Goal of the exercise
Skip the pictures. Repeat everything else in the records word for word.

Record extracts

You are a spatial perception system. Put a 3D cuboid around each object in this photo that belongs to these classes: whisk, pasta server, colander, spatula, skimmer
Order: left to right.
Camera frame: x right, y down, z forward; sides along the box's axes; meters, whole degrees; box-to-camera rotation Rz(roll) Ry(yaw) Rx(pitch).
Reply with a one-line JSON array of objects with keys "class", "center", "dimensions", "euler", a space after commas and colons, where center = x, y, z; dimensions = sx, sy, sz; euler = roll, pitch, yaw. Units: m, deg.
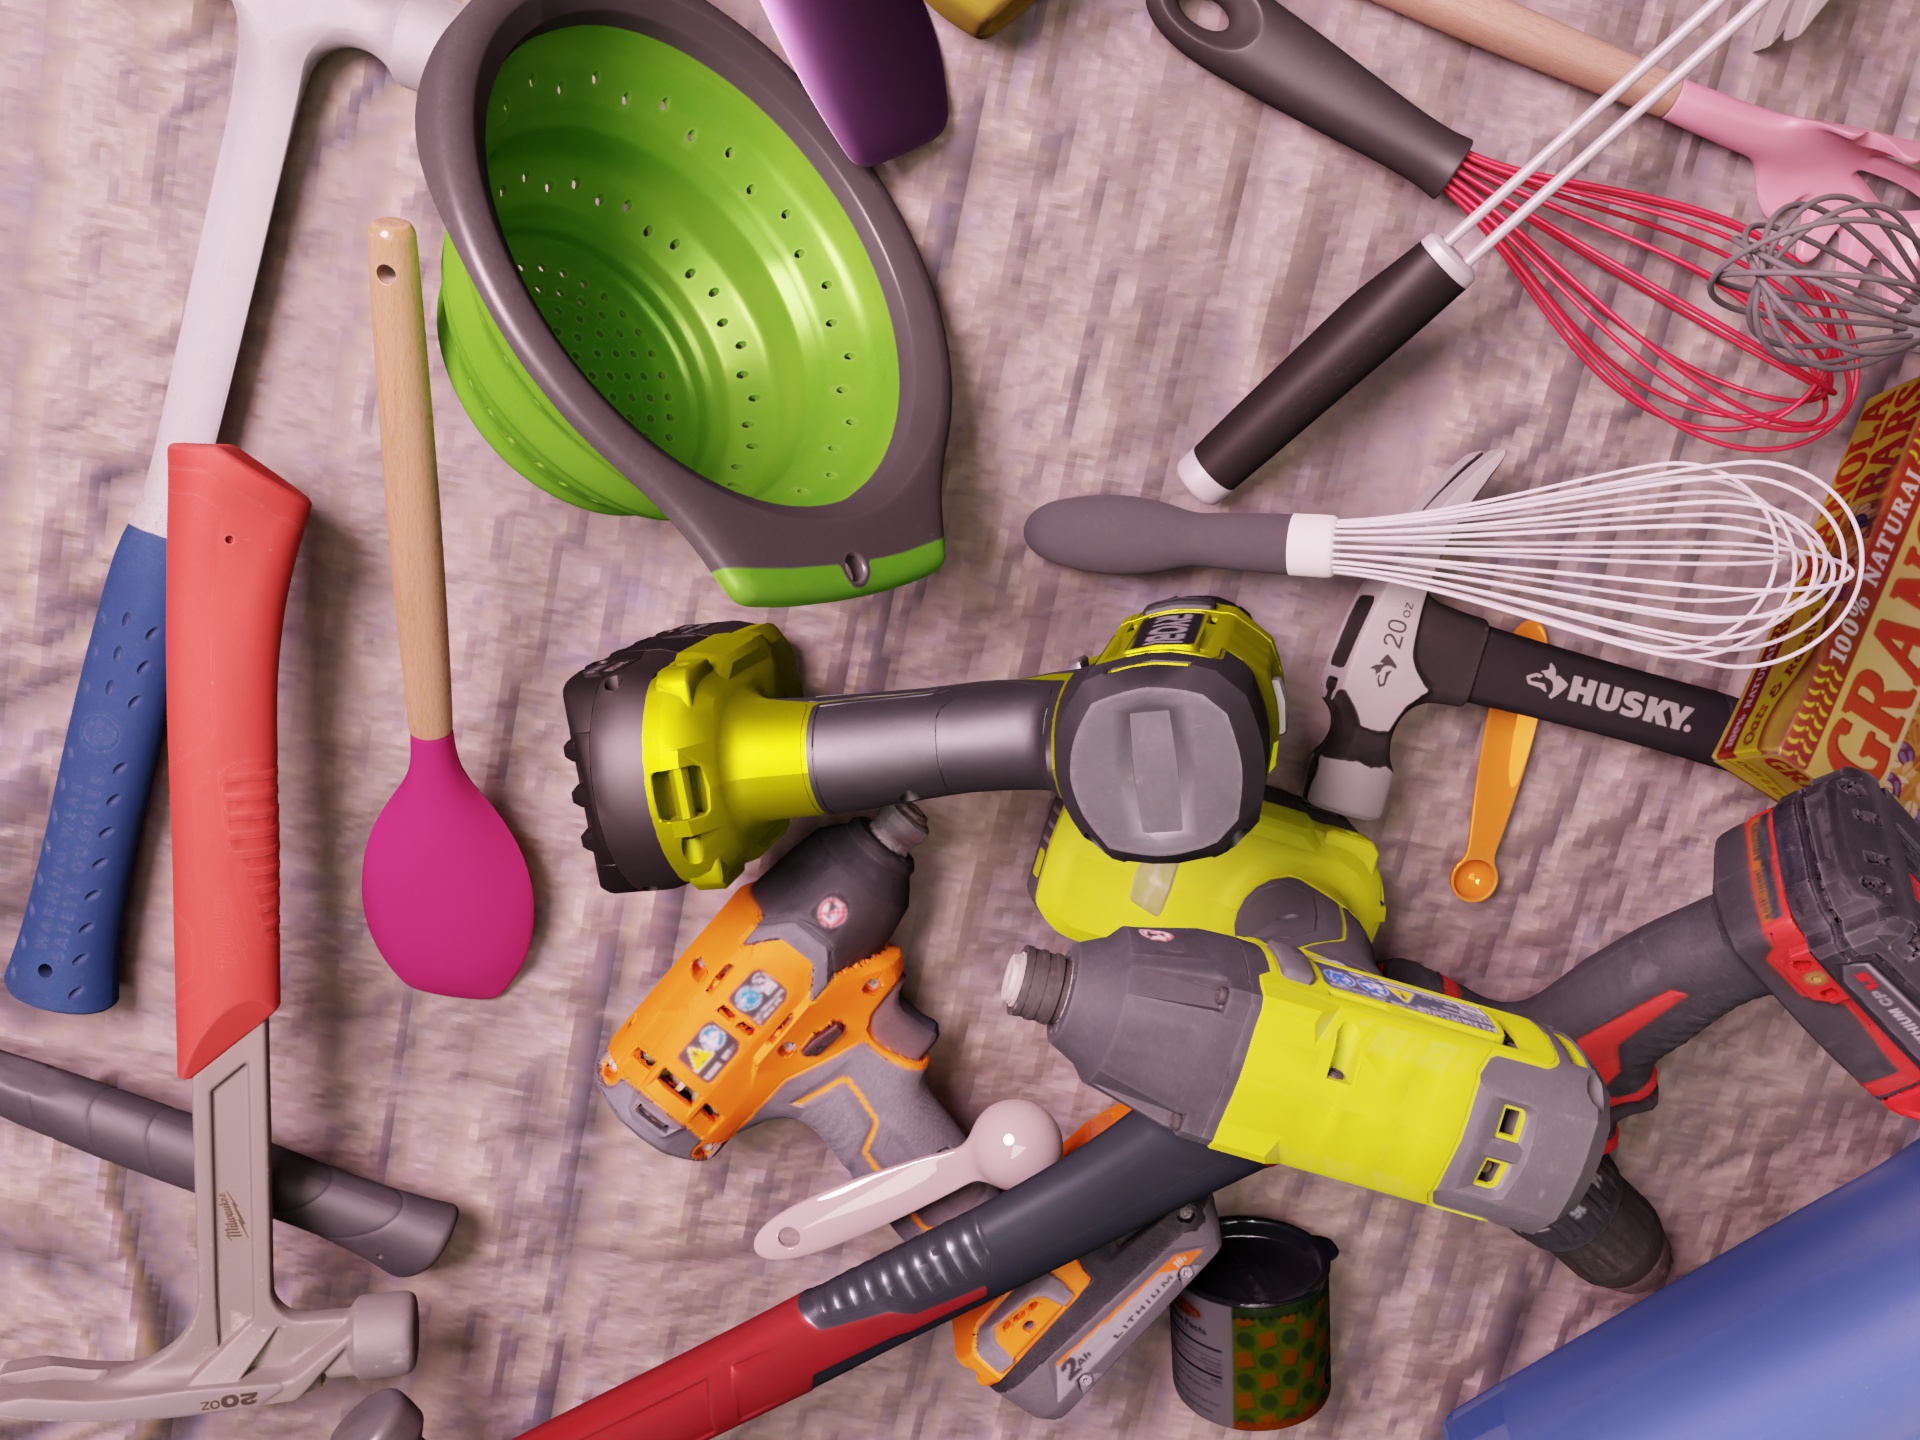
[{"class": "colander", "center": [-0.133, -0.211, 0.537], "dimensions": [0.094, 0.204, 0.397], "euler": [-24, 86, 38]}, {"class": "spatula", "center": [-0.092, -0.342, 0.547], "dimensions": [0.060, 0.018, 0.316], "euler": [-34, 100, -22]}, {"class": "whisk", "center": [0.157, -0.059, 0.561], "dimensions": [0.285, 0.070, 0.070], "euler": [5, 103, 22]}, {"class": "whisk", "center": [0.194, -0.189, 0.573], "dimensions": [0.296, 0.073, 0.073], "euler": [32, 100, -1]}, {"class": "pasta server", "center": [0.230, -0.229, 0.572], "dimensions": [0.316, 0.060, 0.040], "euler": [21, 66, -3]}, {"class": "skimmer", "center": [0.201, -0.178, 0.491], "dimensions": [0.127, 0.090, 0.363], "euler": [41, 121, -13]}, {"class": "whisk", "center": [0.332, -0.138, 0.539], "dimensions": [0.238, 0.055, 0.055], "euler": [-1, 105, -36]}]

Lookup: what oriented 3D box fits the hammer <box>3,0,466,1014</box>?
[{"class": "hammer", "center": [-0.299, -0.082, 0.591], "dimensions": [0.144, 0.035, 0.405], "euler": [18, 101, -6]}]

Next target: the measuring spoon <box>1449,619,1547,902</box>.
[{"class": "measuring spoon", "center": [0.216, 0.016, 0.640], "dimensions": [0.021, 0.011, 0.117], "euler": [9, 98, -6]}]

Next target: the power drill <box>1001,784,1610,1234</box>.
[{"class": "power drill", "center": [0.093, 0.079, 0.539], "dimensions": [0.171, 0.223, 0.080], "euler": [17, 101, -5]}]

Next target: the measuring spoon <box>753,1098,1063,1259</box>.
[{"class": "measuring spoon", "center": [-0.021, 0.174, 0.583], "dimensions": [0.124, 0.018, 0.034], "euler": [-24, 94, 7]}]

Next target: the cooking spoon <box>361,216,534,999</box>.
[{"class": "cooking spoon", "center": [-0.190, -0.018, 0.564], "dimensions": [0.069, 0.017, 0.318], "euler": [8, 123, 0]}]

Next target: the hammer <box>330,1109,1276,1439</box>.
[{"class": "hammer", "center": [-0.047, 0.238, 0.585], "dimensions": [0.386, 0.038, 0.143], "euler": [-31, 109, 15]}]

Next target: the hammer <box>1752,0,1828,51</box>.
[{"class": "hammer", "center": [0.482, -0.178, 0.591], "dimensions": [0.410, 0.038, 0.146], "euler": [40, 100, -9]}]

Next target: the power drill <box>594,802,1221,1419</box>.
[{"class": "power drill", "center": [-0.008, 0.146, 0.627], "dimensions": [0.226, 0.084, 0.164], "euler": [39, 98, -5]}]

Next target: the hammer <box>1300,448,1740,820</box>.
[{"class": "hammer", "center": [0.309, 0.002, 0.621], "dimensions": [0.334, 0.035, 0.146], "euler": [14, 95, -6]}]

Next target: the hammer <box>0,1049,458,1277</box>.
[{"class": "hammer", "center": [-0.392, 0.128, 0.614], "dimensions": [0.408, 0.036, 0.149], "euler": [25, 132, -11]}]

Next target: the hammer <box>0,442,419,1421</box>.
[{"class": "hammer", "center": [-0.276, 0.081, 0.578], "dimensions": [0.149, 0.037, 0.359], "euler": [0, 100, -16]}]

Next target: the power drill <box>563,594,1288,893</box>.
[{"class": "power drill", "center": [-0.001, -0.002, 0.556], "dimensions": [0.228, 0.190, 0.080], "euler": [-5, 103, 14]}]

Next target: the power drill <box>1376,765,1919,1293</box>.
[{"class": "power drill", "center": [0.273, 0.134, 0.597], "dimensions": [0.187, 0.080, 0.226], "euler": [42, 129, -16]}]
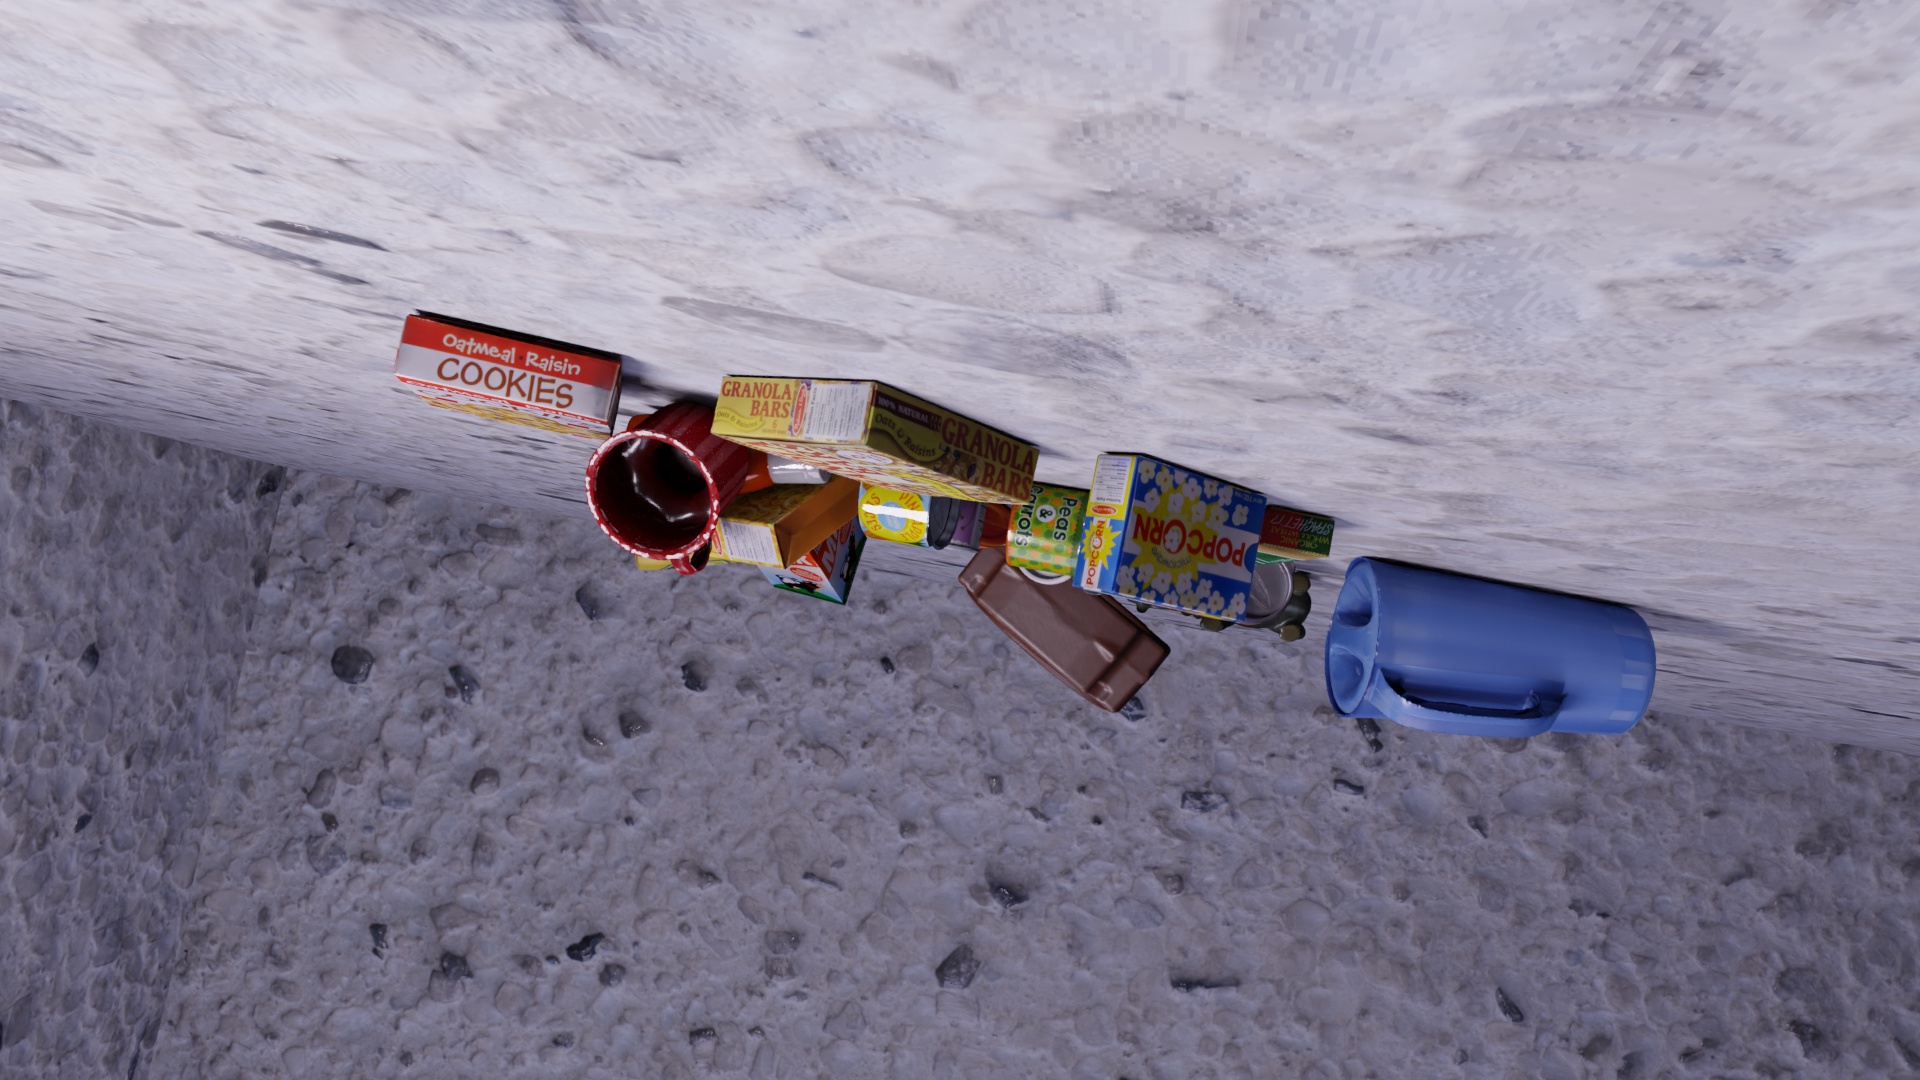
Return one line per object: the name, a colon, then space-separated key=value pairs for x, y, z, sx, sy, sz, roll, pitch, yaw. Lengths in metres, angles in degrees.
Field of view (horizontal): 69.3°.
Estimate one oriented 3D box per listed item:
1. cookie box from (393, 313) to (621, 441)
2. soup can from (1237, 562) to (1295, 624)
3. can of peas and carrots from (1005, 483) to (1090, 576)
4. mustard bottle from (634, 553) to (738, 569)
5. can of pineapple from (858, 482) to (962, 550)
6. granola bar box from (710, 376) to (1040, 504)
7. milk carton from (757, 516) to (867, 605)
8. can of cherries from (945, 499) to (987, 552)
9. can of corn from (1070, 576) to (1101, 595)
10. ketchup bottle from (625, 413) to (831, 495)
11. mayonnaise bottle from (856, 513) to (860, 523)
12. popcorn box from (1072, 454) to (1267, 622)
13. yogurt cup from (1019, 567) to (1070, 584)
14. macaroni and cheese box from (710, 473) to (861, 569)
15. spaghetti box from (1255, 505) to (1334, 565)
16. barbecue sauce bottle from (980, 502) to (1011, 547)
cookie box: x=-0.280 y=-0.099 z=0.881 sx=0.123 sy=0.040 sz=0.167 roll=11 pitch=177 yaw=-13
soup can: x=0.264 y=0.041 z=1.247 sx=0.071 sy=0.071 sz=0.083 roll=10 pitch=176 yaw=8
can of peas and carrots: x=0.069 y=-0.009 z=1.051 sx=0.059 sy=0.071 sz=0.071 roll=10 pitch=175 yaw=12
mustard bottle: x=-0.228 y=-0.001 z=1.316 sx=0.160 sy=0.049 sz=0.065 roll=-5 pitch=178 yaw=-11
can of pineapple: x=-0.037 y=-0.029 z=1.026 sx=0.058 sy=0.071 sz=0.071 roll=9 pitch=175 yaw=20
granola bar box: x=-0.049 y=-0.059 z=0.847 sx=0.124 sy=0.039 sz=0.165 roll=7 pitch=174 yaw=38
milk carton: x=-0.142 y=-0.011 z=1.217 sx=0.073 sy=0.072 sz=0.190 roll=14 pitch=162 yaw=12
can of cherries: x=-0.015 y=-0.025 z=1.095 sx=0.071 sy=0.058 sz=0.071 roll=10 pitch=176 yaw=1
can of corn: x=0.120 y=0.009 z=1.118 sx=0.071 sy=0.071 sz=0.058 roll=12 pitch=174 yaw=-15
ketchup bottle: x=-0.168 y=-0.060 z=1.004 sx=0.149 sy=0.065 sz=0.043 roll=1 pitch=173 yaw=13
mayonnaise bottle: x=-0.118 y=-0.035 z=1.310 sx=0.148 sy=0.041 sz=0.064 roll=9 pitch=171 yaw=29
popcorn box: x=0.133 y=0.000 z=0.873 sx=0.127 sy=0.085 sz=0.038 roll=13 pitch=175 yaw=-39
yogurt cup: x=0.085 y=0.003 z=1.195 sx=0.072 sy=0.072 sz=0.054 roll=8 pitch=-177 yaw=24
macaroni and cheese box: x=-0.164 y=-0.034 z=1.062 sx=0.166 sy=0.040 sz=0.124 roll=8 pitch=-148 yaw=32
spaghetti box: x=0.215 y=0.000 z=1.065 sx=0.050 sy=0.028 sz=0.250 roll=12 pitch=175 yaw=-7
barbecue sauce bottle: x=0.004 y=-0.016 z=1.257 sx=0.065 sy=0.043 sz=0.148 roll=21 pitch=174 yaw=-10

Result of the exercise
You are a spatial perception system. Put a 3D cuboid around each object in this photo that belongs to these classes: whisk, pasta server, colander, spatula, skimmer
Order: left to right.
Camera frame: x right, y down, z forward; sides along the box's axes; meters, whole degrees; box-to-camera rotation Rz(roll) Ry(yaw) Rx(pitch).
Reply with a one-line JSON array of objects with keys "class", "center", "dimensions", "euler", a space after commas and colons, where center = x, y, z; dimensions = sx, sy, sz; euler = roll, pitch, yaw. Units: m, deg.
[{"class": "colander", "center": [-0.133, -0.211, 0.537], "dimensions": [0.094, 0.204, 0.397], "euler": [-24, 86, 38]}, {"class": "spatula", "center": [-0.092, -0.342, 0.547], "dimensions": [0.060, 0.018, 0.316], "euler": [-34, 100, -22]}, {"class": "whisk", "center": [0.157, -0.059, 0.561], "dimensions": [0.285, 0.070, 0.070], "euler": [5, 103, 22]}, {"class": "whisk", "center": [0.194, -0.189, 0.573], "dimensions": [0.296, 0.073, 0.073], "euler": [32, 100, -1]}, {"class": "pasta server", "center": [0.230, -0.229, 0.572], "dimensions": [0.316, 0.060, 0.040], "euler": [21, 66, -3]}, {"class": "skimmer", "center": [0.201, -0.178, 0.491], "dimensions": [0.127, 0.090, 0.363], "euler": [41, 121, -13]}, {"class": "whisk", "center": [0.332, -0.138, 0.539], "dimensions": [0.238, 0.055, 0.055], "euler": [-1, 105, -36]}]

Lookup: what oriented 3D box fits the hammer <box>3,0,466,1014</box>?
[{"class": "hammer", "center": [-0.299, -0.082, 0.591], "dimensions": [0.144, 0.035, 0.405], "euler": [18, 101, -6]}]

Next target: the measuring spoon <box>1449,619,1547,902</box>.
[{"class": "measuring spoon", "center": [0.216, 0.016, 0.640], "dimensions": [0.021, 0.011, 0.117], "euler": [9, 98, -6]}]

Next target: the power drill <box>1001,784,1610,1234</box>.
[{"class": "power drill", "center": [0.093, 0.079, 0.539], "dimensions": [0.171, 0.223, 0.080], "euler": [17, 101, -5]}]

Next target: the measuring spoon <box>753,1098,1063,1259</box>.
[{"class": "measuring spoon", "center": [-0.021, 0.174, 0.583], "dimensions": [0.124, 0.018, 0.034], "euler": [-24, 94, 7]}]

Next target: the cooking spoon <box>361,216,534,999</box>.
[{"class": "cooking spoon", "center": [-0.190, -0.018, 0.564], "dimensions": [0.069, 0.017, 0.318], "euler": [8, 123, 0]}]

Next target: the hammer <box>330,1109,1276,1439</box>.
[{"class": "hammer", "center": [-0.047, 0.238, 0.585], "dimensions": [0.386, 0.038, 0.143], "euler": [-31, 109, 15]}]

Next target: the hammer <box>1752,0,1828,51</box>.
[{"class": "hammer", "center": [0.482, -0.178, 0.591], "dimensions": [0.410, 0.038, 0.146], "euler": [40, 100, -9]}]

Next target: the power drill <box>594,802,1221,1419</box>.
[{"class": "power drill", "center": [-0.008, 0.146, 0.627], "dimensions": [0.226, 0.084, 0.164], "euler": [39, 98, -5]}]

Next target: the hammer <box>1300,448,1740,820</box>.
[{"class": "hammer", "center": [0.309, 0.002, 0.621], "dimensions": [0.334, 0.035, 0.146], "euler": [14, 95, -6]}]

Next target: the hammer <box>0,1049,458,1277</box>.
[{"class": "hammer", "center": [-0.392, 0.128, 0.614], "dimensions": [0.408, 0.036, 0.149], "euler": [25, 132, -11]}]

Next target: the hammer <box>0,442,419,1421</box>.
[{"class": "hammer", "center": [-0.276, 0.081, 0.578], "dimensions": [0.149, 0.037, 0.359], "euler": [0, 100, -16]}]

Next target: the power drill <box>563,594,1288,893</box>.
[{"class": "power drill", "center": [-0.001, -0.002, 0.556], "dimensions": [0.228, 0.190, 0.080], "euler": [-5, 103, 14]}]

Next target: the power drill <box>1376,765,1919,1293</box>.
[{"class": "power drill", "center": [0.273, 0.134, 0.597], "dimensions": [0.187, 0.080, 0.226], "euler": [42, 129, -16]}]
Return one line per object: the name, a colon, then space-separated key=value pairs for x, y, z, sx, sy, sz, roll, pitch, yaw. Lengths in metres, angles in degrees.
Field of view (horizontal): 69.3°.
Estimate one oriented 3D box per listed item:
1. cookie box from (393, 313) to (621, 441)
2. soup can from (1237, 562) to (1295, 624)
3. can of peas and carrots from (1005, 483) to (1090, 576)
4. mustard bottle from (634, 553) to (738, 569)
5. can of pineapple from (858, 482) to (962, 550)
6. granola bar box from (710, 376) to (1040, 504)
7. milk carton from (757, 516) to (867, 605)
8. can of cherries from (945, 499) to (987, 552)
9. can of corn from (1070, 576) to (1101, 595)
10. ketchup bottle from (625, 413) to (831, 495)
11. mayonnaise bottle from (856, 513) to (860, 523)
12. popcorn box from (1072, 454) to (1267, 622)
13. yogurt cup from (1019, 567) to (1070, 584)
14. macaroni and cheese box from (710, 473) to (861, 569)
15. spaghetti box from (1255, 505) to (1334, 565)
16. barbecue sauce bottle from (980, 502) to (1011, 547)
cookie box: x=-0.280 y=-0.099 z=0.881 sx=0.123 sy=0.040 sz=0.167 roll=11 pitch=177 yaw=-13
soup can: x=0.264 y=0.041 z=1.247 sx=0.071 sy=0.071 sz=0.083 roll=10 pitch=176 yaw=8
can of peas and carrots: x=0.069 y=-0.009 z=1.051 sx=0.059 sy=0.071 sz=0.071 roll=10 pitch=175 yaw=12
mustard bottle: x=-0.228 y=-0.001 z=1.316 sx=0.160 sy=0.049 sz=0.065 roll=-5 pitch=178 yaw=-11
can of pineapple: x=-0.037 y=-0.029 z=1.026 sx=0.058 sy=0.071 sz=0.071 roll=9 pitch=175 yaw=20
granola bar box: x=-0.049 y=-0.059 z=0.847 sx=0.124 sy=0.039 sz=0.165 roll=7 pitch=174 yaw=38
milk carton: x=-0.142 y=-0.011 z=1.217 sx=0.073 sy=0.072 sz=0.190 roll=14 pitch=162 yaw=12
can of cherries: x=-0.015 y=-0.025 z=1.095 sx=0.071 sy=0.058 sz=0.071 roll=10 pitch=176 yaw=1
can of corn: x=0.120 y=0.009 z=1.118 sx=0.071 sy=0.071 sz=0.058 roll=12 pitch=174 yaw=-15
ketchup bottle: x=-0.168 y=-0.060 z=1.004 sx=0.149 sy=0.065 sz=0.043 roll=1 pitch=173 yaw=13
mayonnaise bottle: x=-0.118 y=-0.035 z=1.310 sx=0.148 sy=0.041 sz=0.064 roll=9 pitch=171 yaw=29
popcorn box: x=0.133 y=0.000 z=0.873 sx=0.127 sy=0.085 sz=0.038 roll=13 pitch=175 yaw=-39
yogurt cup: x=0.085 y=0.003 z=1.195 sx=0.072 sy=0.072 sz=0.054 roll=8 pitch=-177 yaw=24
macaroni and cheese box: x=-0.164 y=-0.034 z=1.062 sx=0.166 sy=0.040 sz=0.124 roll=8 pitch=-148 yaw=32
spaghetti box: x=0.215 y=0.000 z=1.065 sx=0.050 sy=0.028 sz=0.250 roll=12 pitch=175 yaw=-7
barbecue sauce bottle: x=0.004 y=-0.016 z=1.257 sx=0.065 sy=0.043 sz=0.148 roll=21 pitch=174 yaw=-10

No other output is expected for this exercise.